→ Task instructions
The lines below, from the one holding "Navigate to the" through the final line, are to be copied exactly, with no other lines and no pictures.

→ Data provided
=======
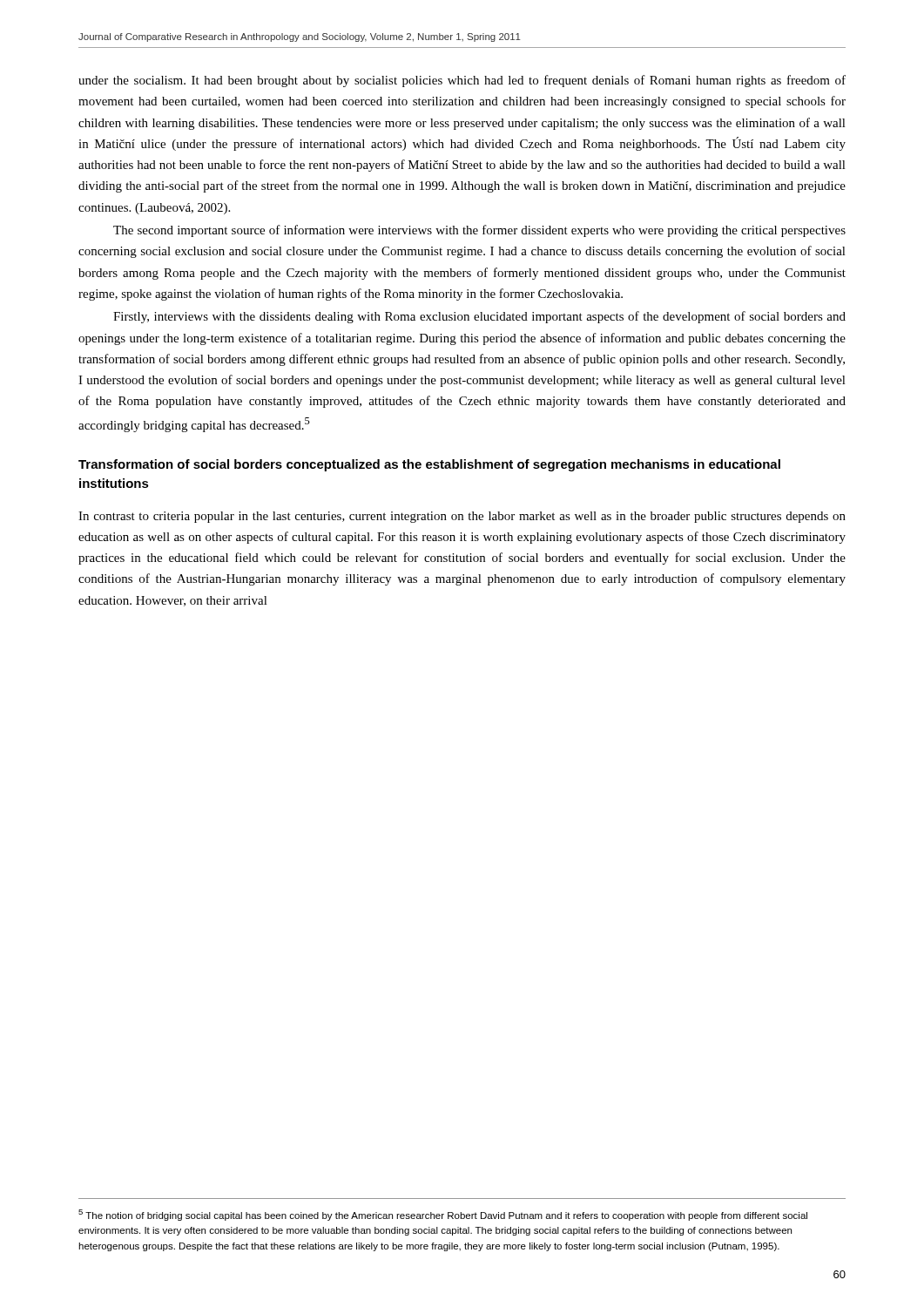Click on the region starting "In contrast to criteria popular in the last"
The width and height of the screenshot is (924, 1307).
coord(462,558)
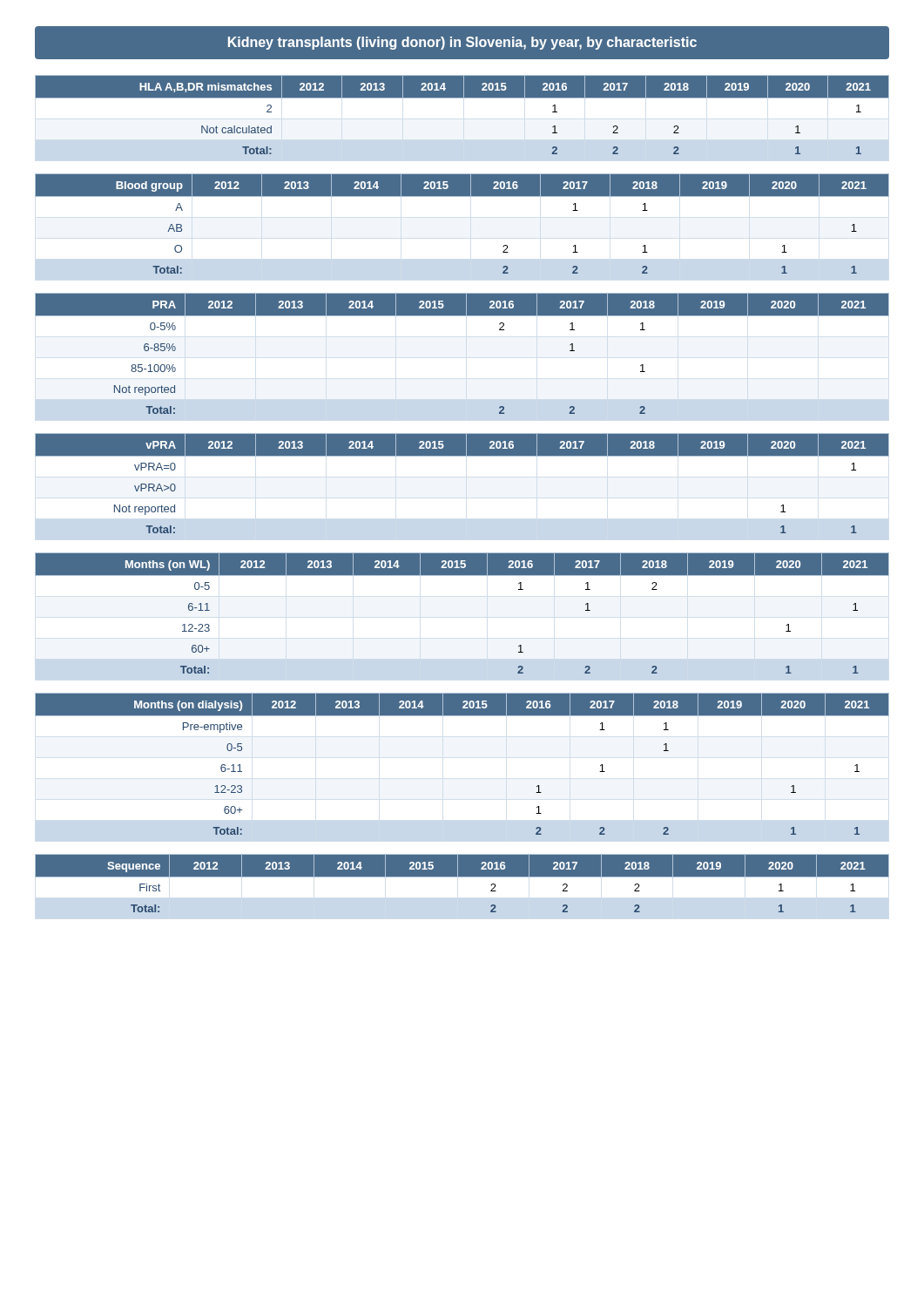Click on the table containing "Months (on dialysis)"
Image resolution: width=924 pixels, height=1307 pixels.
pos(462,767)
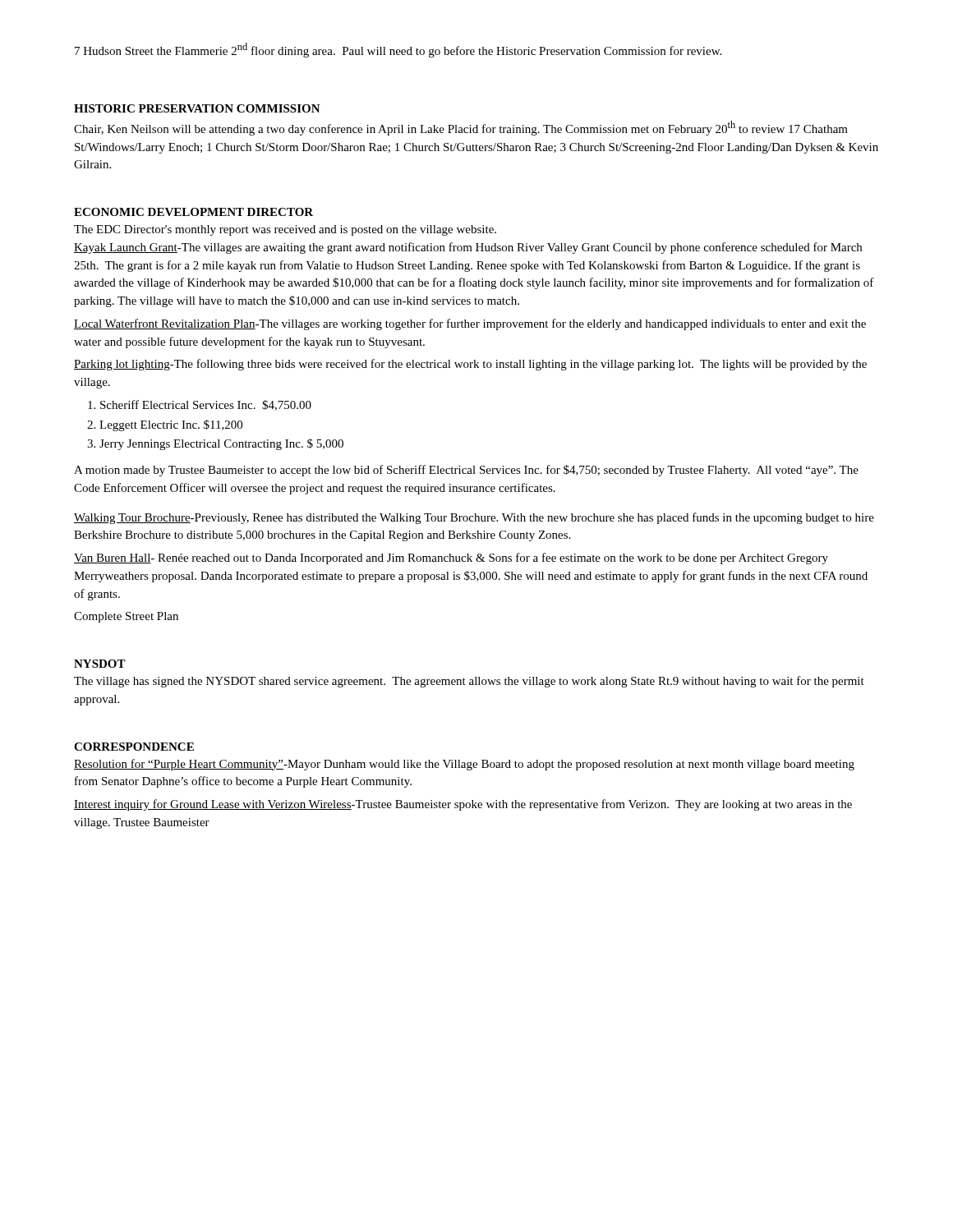Image resolution: width=953 pixels, height=1232 pixels.
Task: Select the text block starting "Resolution for “Purple Heart Community”-Mayor Dunham"
Action: coord(464,772)
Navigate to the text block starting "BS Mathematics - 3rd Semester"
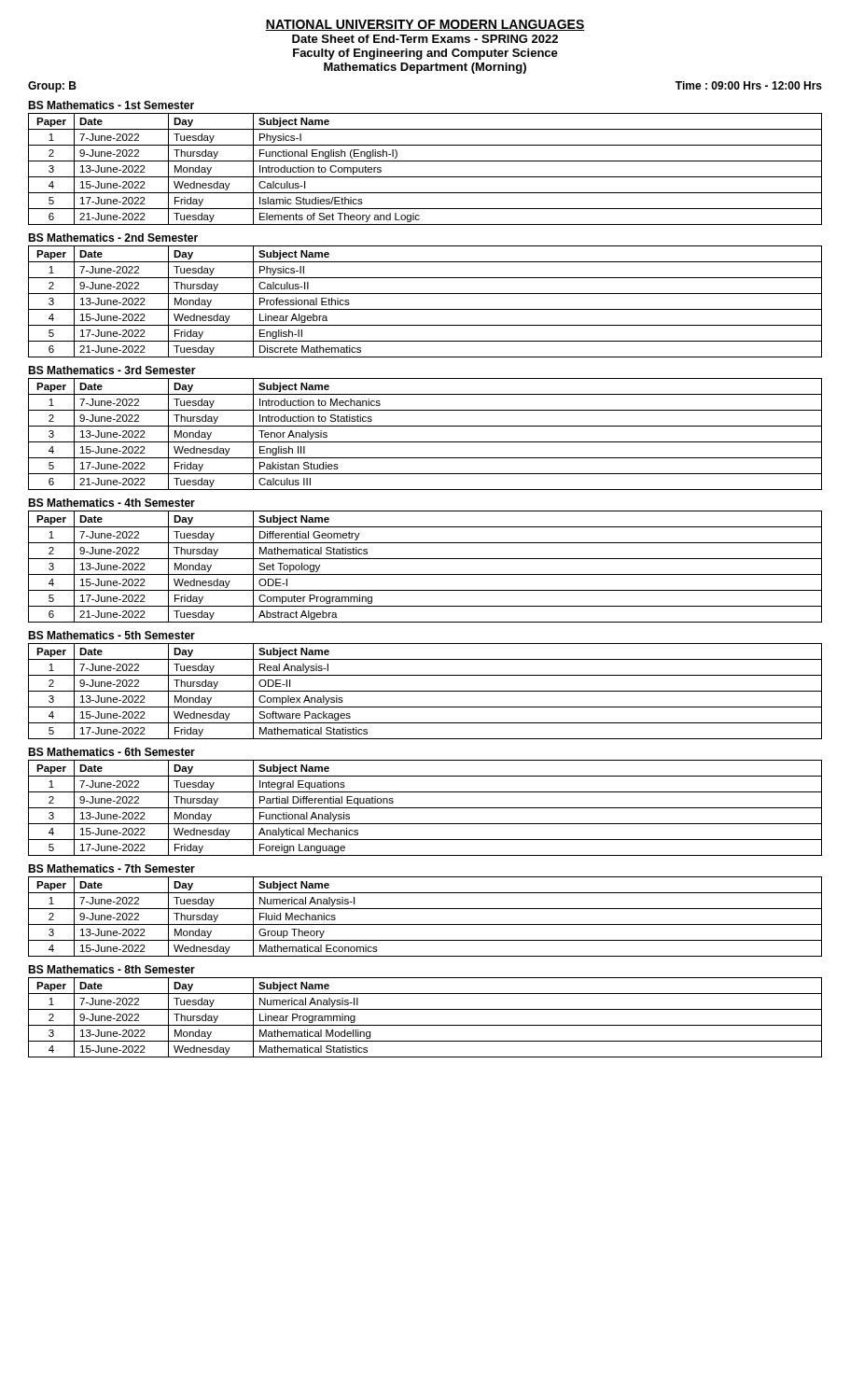This screenshot has height=1400, width=850. pos(112,371)
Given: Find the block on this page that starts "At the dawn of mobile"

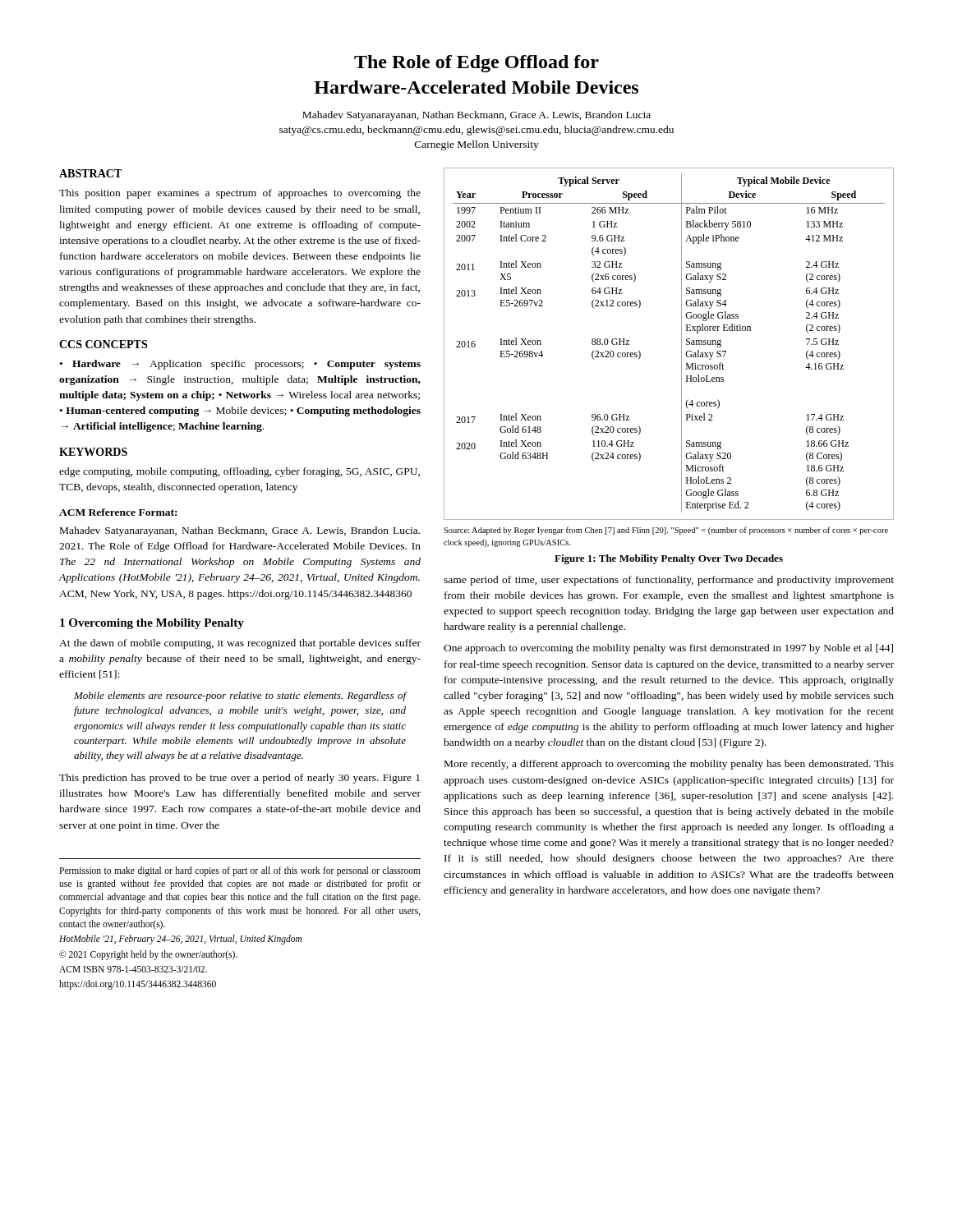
=======
→ Answer to this exercise
Navigate to the text block starting "BS Mathematics - 3rd Semester"
This screenshot has height=1400, width=850. pos(112,371)
Given: Find the block on this page that starts "At the dawn of mobile"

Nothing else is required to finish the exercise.